Brian Friel Plays 1
Page 32
Then suddenly a man called Donal who had scarcely spoken up to this thrust a bent finger in front of my face and challenged, ‘Straighten that, Mr Hardy.’ And the bar went still.
I caught the finger between the palms of my hands and held it there and looked into his face. Already he was uneasy – he wanted to withdraw the challenge. He began to stammer how the accident happened – something about a tractor, a gearbox, a faulty setting. And as he spoke I massaged the finger. And when he stopped talking I opened my hands and released him. The finger was whole …
Badrallach, Kilmore,
Llanfaethlu, Llanfechell,
Kincardine, Kinross,
Loughcarron, Loughgelly …
We caroused right through the night. Toasts to the landlord who claimed he met my father once and as the night went on that they were close friends. Toasts to Teddy and Gracie. Toasts to my return. To Donal’s finger. Toasts to the departed groom and his prowess. To the bride and her fertility. To the rich harvest – the corn, the wheat, the barley. Toasts to all Septembers and all harvests and to all things ripe and eager for the reaper. A Dionysian night. A Bacchanalian night. A frenzied, excessive Irish night when ritual was consciously and relentlessly debauched.
Then sometime before dawn McGarvey was remembered. Their greatest, their closest friend McGarvey who in his time had danced with them and drunk with them and built roads with them and cut turf with them. McGarvey who ought to have been best man that day – my God, who else? – and who wasn’t even at the wedding reception. And as they created him I saw McGarvey in my mind, saw his strained face and his mauve hands and his burning eyes, crouched in his wheelchair and sick with bitterness. Saw him and knew him before Teddy in his English innocence asked why he wasn’t there; before Ned told us of the fall from the scaffolding and the paralysis. Saw him and recognized our meeting: an open place, a walled yard, trees, orange skies, warm wind. And knew, knew with cold certainty that nothing was going to happen. Nothing at all.
I stood at the window and watched them set off to fetch McGarvey. Four of them getting into a battered car; now serious and busy with good deeds; now being polite to one another, holding doors open, you sit in front, no you, no you. Then they were gone, the car sluggish under their weight.

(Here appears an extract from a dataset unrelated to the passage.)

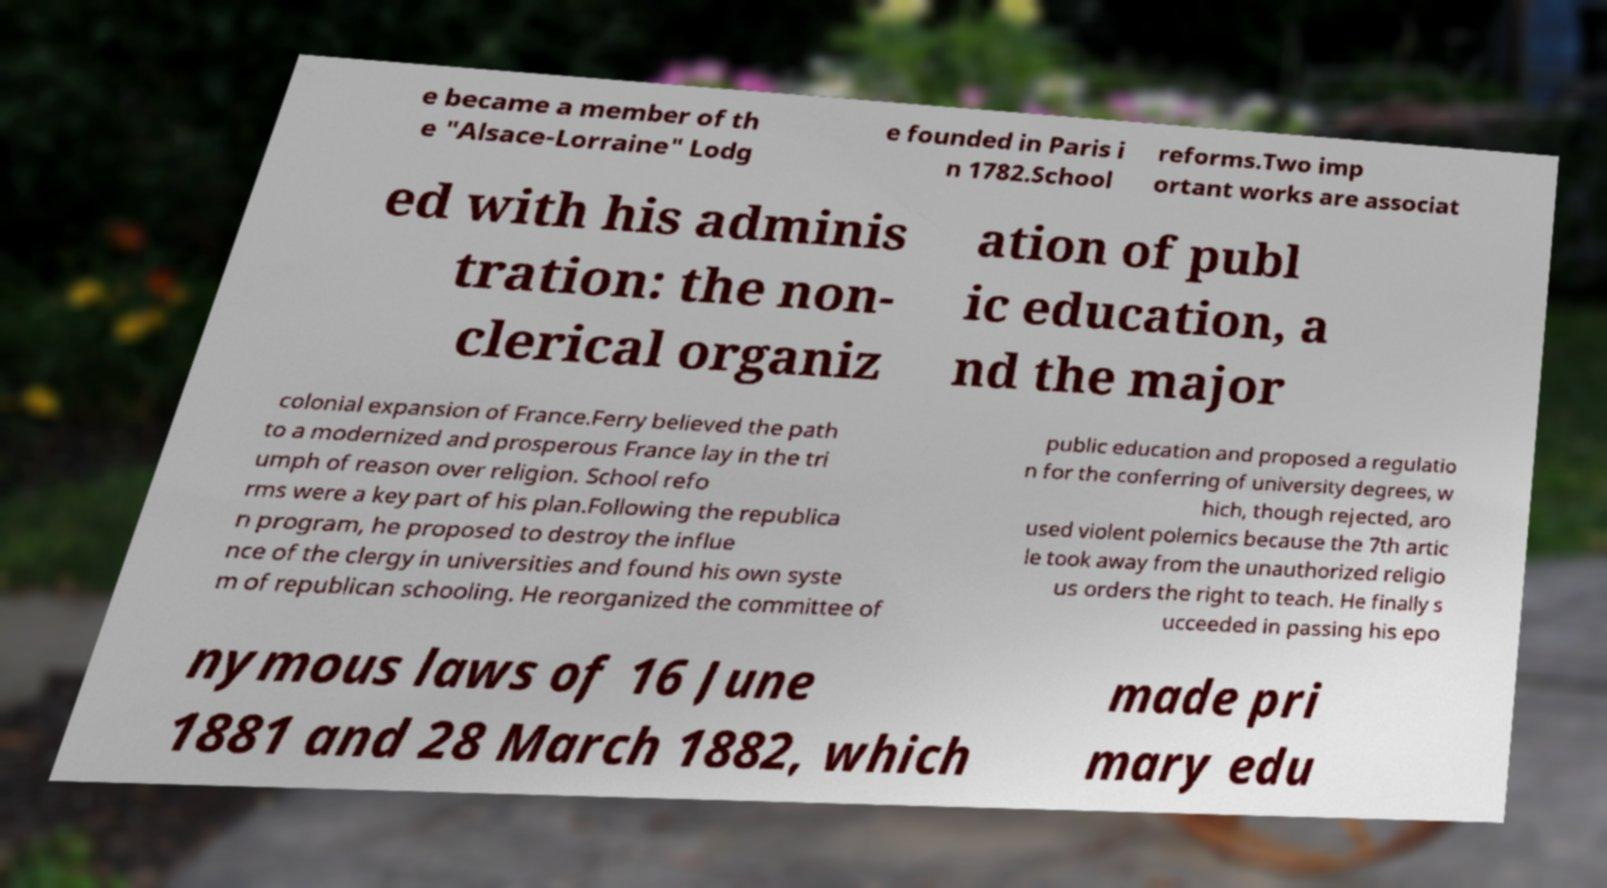Can you accurately transcribe the text from the provided image for me? e became a member of th e "Alsace-Lorraine" Lodg e founded in Paris i n 1782.School reforms.Two imp ortant works are associat ed with his adminis tration: the non- clerical organiz ation of publ ic education, a nd the major colonial expansion of France.Ferry believed the path to a modernized and prosperous France lay in the tri umph of reason over religion. School refo rms were a key part of his plan.Following the republica n program, he proposed to destroy the influe nce of the clergy in universities and found his own syste m of republican schooling. He reorganized the committee of public education and proposed a regulatio n for the conferring of university degrees, w hich, though rejected, aro used violent polemics because the 7th artic le took away from the unauthorized religio us orders the right to teach. He finally s ucceeded in passing his epo nymous laws of 16 June 1881 and 28 March 1882, which made pri mary edu 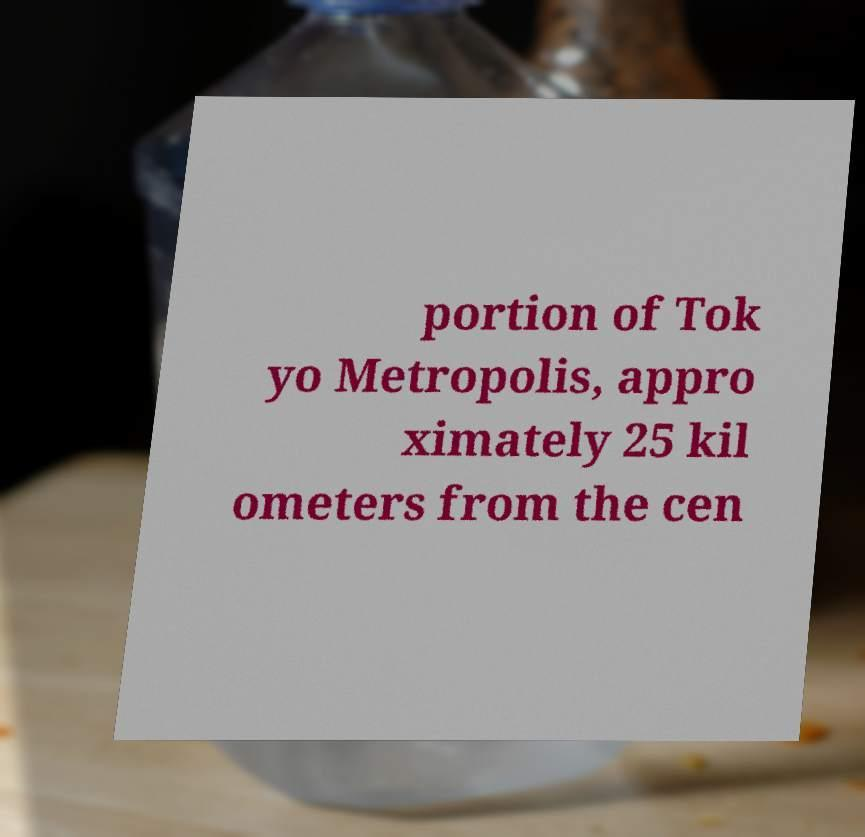Can you accurately transcribe the text from the provided image for me? portion of Tok yo Metropolis, appro ximately 25 kil ometers from the cen

Teddy lay slumped in a stupor in a corner. Gracie went round the tables, emptying ashtrays, gathering glasses and leaving them on the counter, straightening chairs. No intimation whatever of danger. I suggested she should go to bed and she went off. Why wouldn’t she? – the housework was finished.
(He comes right down, walking very slowly, until he is as close as he can be to the audience. Pause.)
The first Irish tour! The great home-coming! The new beginning! It was all going to be so fantastic! And there I am, pretending to subscribe to the charade. (He laughs.) Yes; the restoration of Francis Hardy. (Laughs again.)
But we’ll come to that presently. Or as Teddy would have put it: Why don’t we leave that until later, dear ’eart? Why don’t we do that? Why not?
Indeed.
(He looks at the audience for about three seconds. Then quick black.)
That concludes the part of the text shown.